Adnoc confirmed this week that it would offer futures in its Murban grade during the second or third quarter of 2020, without specifying where the contract would be listed. Murban is Adnoc’s most plentiful grade, at about 1.7 million barrels a day, and accounts for more than half of the crude pumped in the United Arab Emirates. Abu Dhabi holds most of the oil in the U.A.E., the third-largest producer in the Organization of Petroleum Exporting Countries.

Abu Dhabi won’t be the first regional producer to offer futures contracts for its crude. Oman and the neighboring U.A.E. emirate of Dubai joined with CME Group Inc. in 2007 to start the Dubai Mercantile Exchange to trade Omani crude futures.

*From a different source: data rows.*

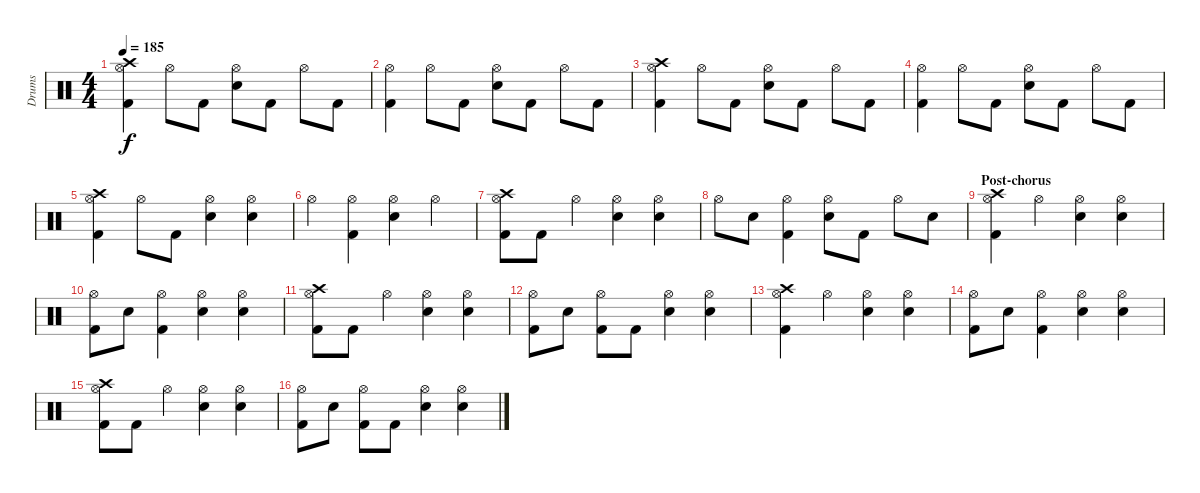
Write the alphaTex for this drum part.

\track ("Drums" "Drums") {instrument percussion}
\staff {score}
\articulation defaults
\ts (4 4)
\tempo 185
\clef neutral
\ks c
("Hi-Hat (open)" "Kick (hit) 2" "Crash high (hit)").4{dy f} "Hi-Hat (open)".8 "Kick (hit) 2".8 ("Hi-Hat (open)" "Electric Snare (hit)").8 "Kick (hit) 2".8 "Hi-Hat (open)".8 "Kick (hit) 2".8 |
("Hi-Hat (open)" "Kick (hit) 2").4 "Hi-Hat (open)".8 "Kick (hit) 2".8 ("Hi-Hat (open)" "Electric Snare (hit)").8 "Kick (hit) 2".8 "Hi-Hat (open)".8 "Kick (hit) 2".8 |
("Hi-Hat (open)" "Kick (hit) 2" "Crash high (hit)").4 "Hi-Hat (open)".8 "Kick (hit) 2".8 ("Hi-Hat (open)" "Electric Snare (hit)").8 "Kick (hit) 2".8 "Hi-Hat (open)".8 "Kick (hit) 2".8 |
("Hi-Hat (open)" "Kick (hit) 2").4 "Hi-Hat (open)".8 "Kick (hit) 2".8 ("Hi-Hat (open)" "Electric Snare (hit)").8 "Kick (hit) 2".8 "Hi-Hat (open)".8 "Kick (hit) 2".8 |
("Hi-Hat (open)" "Kick (hit) 2" "Crash high (hit)").4 "Hi-Hat (open)".8 "Kick (hit) 2".8 ("Hi-Hat (open)" "Electric Snare (hit)").4 ("Hi-Hat (open)" "Electric Snare (hit)").4 |
"Hi-Hat (open)".4 ("Hi-Hat (open)" "Kick (hit) 2").4 ("Hi-Hat (open)" "Electric Snare (hit)").4 "Hi-Hat (open)".4 |
("Hi-Hat (open)" "Kick (hit) 2" "Crash high (hit)").8 "Kick (hit) 2".8 "Hi-Hat (open)".4 ("Hi-Hat (open)" "Electric Snare (hit)").4 ("Hi-Hat (open)" "Electric Snare (hit)").4 |
"Hi-Hat (open)".8 "Electric Snare (hit)".8 ("Hi-Hat (open)" "Kick (hit) 2").4 ("Hi-Hat (open)" "Electric Snare (hit)").8 "Kick (hit) 2".8 "Hi-Hat (open)".8 "Electric Snare (hit)".8 |
\section ("" "Post-chorus")
("Hi-Hat (open)" "Kick (hit) 2" "Crash high (hit)").4 "Hi-Hat (open)".4 ("Hi-Hat (open)" "Electric Snare (hit)").4 ("Hi-Hat (open)" "Electric Snare (hit)").4 |
("Hi-Hat (open)" "Kick (hit) 2").8 "Electric Snare (hit)".8 ("Hi-Hat (open)" "Kick (hit) 2").4 ("Hi-Hat (open)" "Electric Snare (hit)").4 ("Hi-Hat (open)" "Electric Snare (hit)").4 |
("Hi-Hat (open)" "Kick (hit) 2" "Crash high (hit)").8 "Kick (hit) 2".8 "Hi-Hat (open)".4 ("Hi-Hat (open)" "Electric Snare (hit)").4 ("Hi-Hat (open)" "Electric Snare (hit)").4 |
("Hi-Hat (open)" "Kick (hit) 2").8 "Electric Snare (hit)".8 ("Hi-Hat (open)" "Kick (hit) 2").8 "Kick (hit) 2".8 ("Hi-Hat (open)" "Electric Snare (hit)").4 ("Hi-Hat (open)" "Electric Snare (hit)").4 |
("Hi-Hat (open)" "Kick (hit) 2" "Crash high (hit)").4 "Hi-Hat (open)".4 ("Hi-Hat (open)" "Electric Snare (hit)").4 ("Hi-Hat (open)" "Electric Snare (hit)").4 |
("Hi-Hat (open)" "Kick (hit) 2").8 "Electric Snare (hit)".8 ("Hi-Hat (open)" "Kick (hit) 2").4 ("Hi-Hat (open)" "Electric Snare (hit)").4 ("Hi-Hat (open)" "Electric Snare (hit)").4 |
("Hi-Hat (open)" "Kick (hit) 2" "Crash high (hit)").8 "Kick (hit) 2".8 "Hi-Hat (open)".4 ("Hi-Hat (open)" "Electric Snare (hit)").4 ("Hi-Hat (open)" "Electric Snare (hit)").4 |
("Hi-Hat (open)" "Kick (hit) 2").8 "Electric Snare (hit)".8 ("Hi-Hat (open)" "Kick (hit) 2").8 "Kick (hit) 2".8 ("Hi-Hat (open)" "Electric Snare (hit)").4 ("Hi-Hat (open)" "Electric Snare (hit)").4
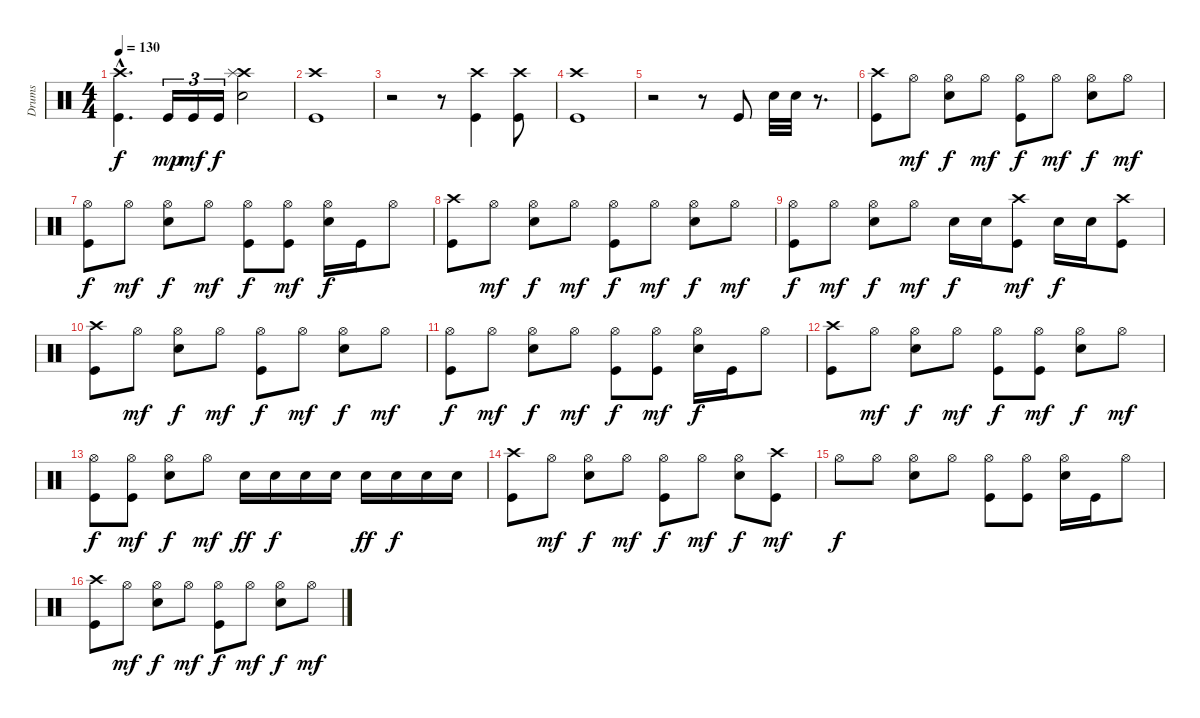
\track ("Drums" "Drums") {instrument percussion}
\staff {score}
\articulation defaults
\ts (4 4)
\tempo 130
\clef neutral
\ks c
("Crash high (hit)"{hac} "Kick (hit)"{hac}).4{d dy f} "Kick (hit)".16{tu (3 2) dy mp} "Kick (hit)".16{tu (3 2) dy mf} "Kick (hit)".16{tu (3 2) dy f} ("Crash high (hit)" "Splash (hit)" "Snare (hit) 2").2 |
("Crash high (hit)" "Kick (hit)").1 |
r.2 r.8 ("Crash high (hit)" "Kick (hit)").4 ("Crash high (hit)" "Kick (hit)").8 |
("Crash high (hit)" "Kick (hit)").1 |
r.2 r.8 "Kick (hit)".8 "Snare (hit) 2".32 "Snare (hit) 2".32 r.8{d} |
("Crash high (hit)" "Kick (hit)").8 "Hi-Hat (open)".8{dy mf} ("Hi-Hat (open)" "Snare (hit) 2").8{dy f} "Hi-Hat (open)".8{dy mf} ("Hi-Hat (open)" "Kick (hit)").8{dy f} "Hi-Hat (open)".8{dy mf} ("Hi-Hat (open)" "Snare (hit) 2").8{dy f} "Hi-Hat (open)".8{dy mf} |
("Hi-Hat (open)" "Kick (hit)").8{dy f} "Hi-Hat (open)".8{dy mf} ("Hi-Hat (open)" "Snare (hit) 2").8{dy f} "Hi-Hat (open)".8{dy mf} ("Hi-Hat (open)" "Kick (hit)").8{dy f} ("Hi-Hat (open)" "Kick (hit)").8{dy mf} ("Hi-Hat (open)" "Snare (hit) 2").16{dy f} "Kick (hit)".16 "Hi-Hat (open)".8 |
("Crash high (hit)" "Kick (hit)").8 "Hi-Hat (open)".8{dy mf} ("Hi-Hat (open)" "Snare (hit) 2").8{dy f} "Hi-Hat (open)".8{dy mf} ("Hi-Hat (open)" "Kick (hit)").8{dy f} "Hi-Hat (open)".8{dy mf} ("Hi-Hat (open)" "Snare (hit) 2").8{dy f} "Hi-Hat (open)".8{dy mf} |
("Hi-Hat (open)" "Kick (hit)").8{dy f} "Hi-Hat (open)".8{dy mf} ("Hi-Hat (open)" "Snare (hit) 2").8{dy f} "Hi-Hat (open)".8{dy mf} "Snare (hit) 2".16{dy f} "Snare (hit) 2".16 ("Crash high (hit)" "Kick (hit)").8{dy mf} "Snare (hit) 2".16{dy f} "Snare (hit) 2".16 ("Crash high (hit)" "Kick (hit)").8 |
("Crash high (hit)" "Kick (hit)").8 "Hi-Hat (open)".8{dy mf} ("Hi-Hat (open)" "Snare (hit) 2").8{dy f} "Hi-Hat (open)".8{dy mf} ("Hi-Hat (open)" "Kick (hit)").8{dy f} "Hi-Hat (open)".8{dy mf} ("Hi-Hat (open)" "Snare (hit) 2").8{dy f} "Hi-Hat (open)".8{dy mf} |
("Hi-Hat (open)" "Kick (hit)").8{dy f} "Hi-Hat (open)".8{dy mf} ("Hi-Hat (open)" "Snare (hit) 2").8{dy f} "Hi-Hat (open)".8{dy mf} ("Hi-Hat (open)" "Kick (hit)").8{dy f} ("Hi-Hat (open)" "Kick (hit)").8{dy mf} ("Hi-Hat (open)" "Snare (hit) 2").16{dy f} "Kick (hit)".16 "Hi-Hat (open)".8 |
("Crash high (hit)" "Kick (hit)").8 "Hi-Hat (open)".8{dy mf} ("Hi-Hat (open)" "Snare (hit) 2").8{dy f} "Hi-Hat (open)".8{dy mf} ("Hi-Hat (open)" "Kick (hit)").8{dy f} ("Hi-Hat (open)" "Kick (hit)").8{dy mf} ("Hi-Hat (open)" "Snare (hit) 2").8{dy f} "Hi-Hat (open)".8{dy mf} |
("Hi-Hat (open)" "Kick (hit)").8{dy f} ("Hi-Hat (open)" "Kick (hit)").8{dy mf} ("Hi-Hat (open)" "Snare (hit) 2").8{dy f} "Hi-Hat (open)".8{dy mf} "Snare (hit) 2".16{dy ff} "Snare (hit) 2".16{dy f} "Snare (hit) 2".16 "Snare (hit) 2".16 "Snare (hit) 2".16{dy ff} "Snare (hit) 2".16{dy f} "Snare (hit) 2".16 "Snare (hit) 2".16 |
("Crash high (hit)" "Kick (hit)").8 "Hi-Hat (open)".8{dy mf} ("Hi-Hat (open)" "Snare (hit) 2").8{dy f} "Hi-Hat (open)".8{dy mf} ("Hi-Hat (open)" "Kick (hit)").8{dy f} "Hi-Hat (open)".8{dy mf} ("Hi-Hat (open)" "Snare (hit) 2").8{dy f} ("Crash high (hit)" "Kick (hit)").8{dy mf} |
"Hi-Hat (open)".8{dy f} "Hi-Hat (open)".8 ("Hi-Hat (open)" "Snare (hit) 2").8 "Hi-Hat (open)".8 ("Hi-Hat (open)" "Kick (hit)").8 ("Hi-Hat (open)" "Kick (hit)").8 ("Hi-Hat (open)" "Snare (hit) 2").16 "Kick (hit)".16 "Hi-Hat (open)".8 |
("Crash high (hit)" "Kick (hit)").8 "Hi-Hat (open)".8{dy mf} ("Hi-Hat (open)" "Snare (hit) 2").8{dy f} "Hi-Hat (open)".8{dy mf} ("Hi-Hat (open)" "Kick (hit)").8{dy f} "Hi-Hat (open)".8{dy mf} ("Hi-Hat (open)" "Snare (hit) 2").8{dy f} "Hi-Hat (open)".8{dy mf}
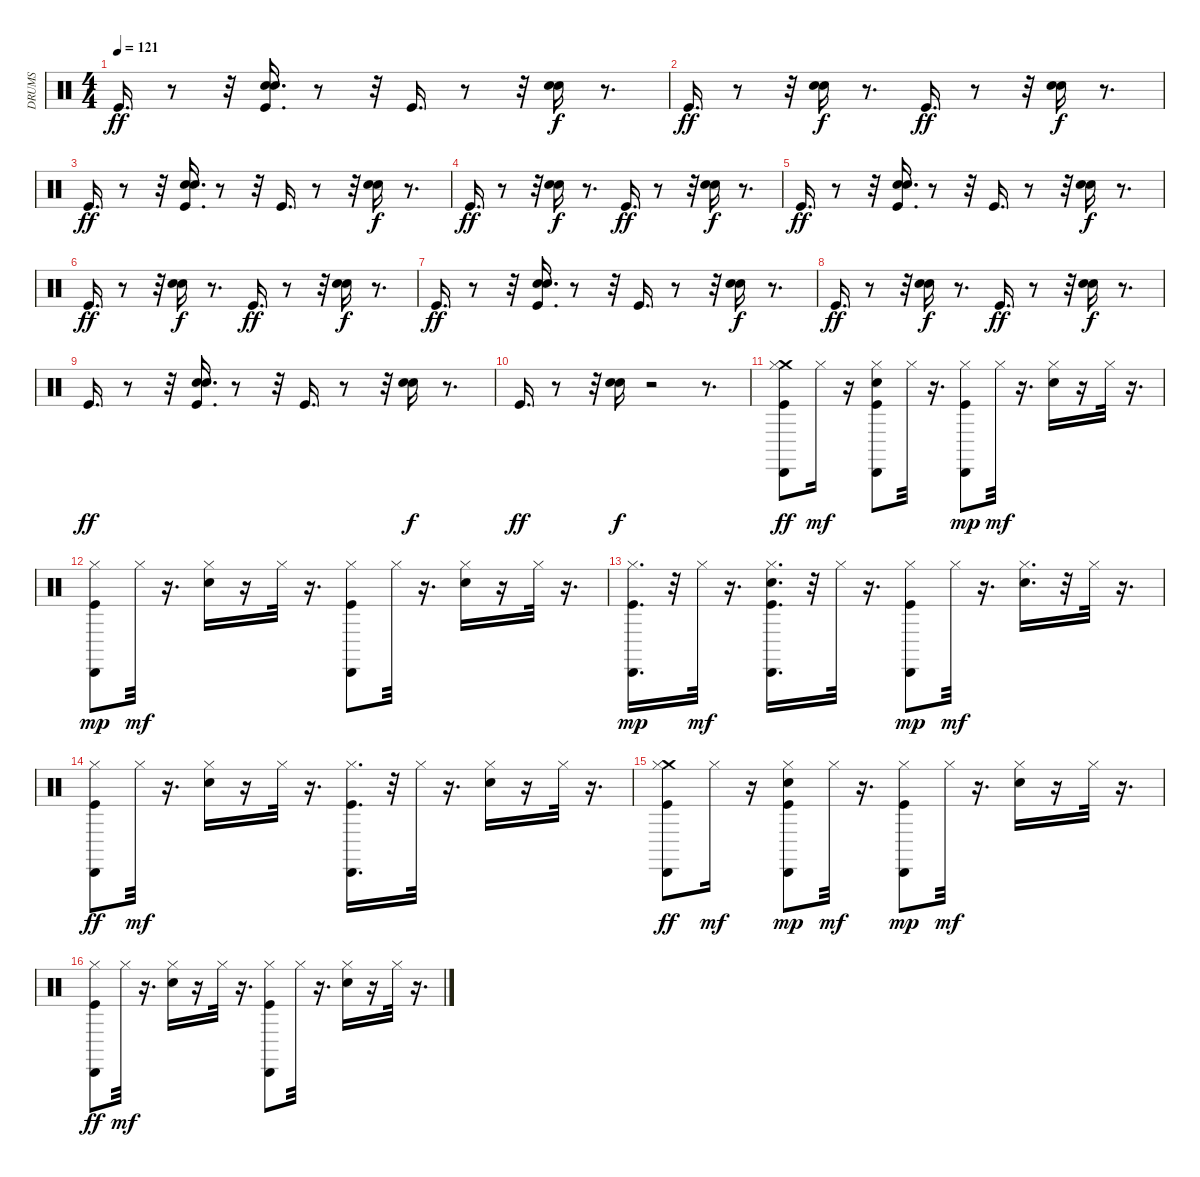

Oman, Dubai and Saudi Arabia are the only producers in the Gulf to price off the contract; most of the others base their monthly crude pricing on the Dubai and Oman crude price assessments by S&P Global Inc.’s Platts.

Murban is lighter and contains less sulfur than most Middle Eastern crudes, making it easier to refine. It generally fetches higher prices on global markets and is similar in quality to Brent crude, the global benchmark. Brent crude futures are traded on the London-based ICE Futures Europe Exchange.

--With assistance from Mahmoud Habboush.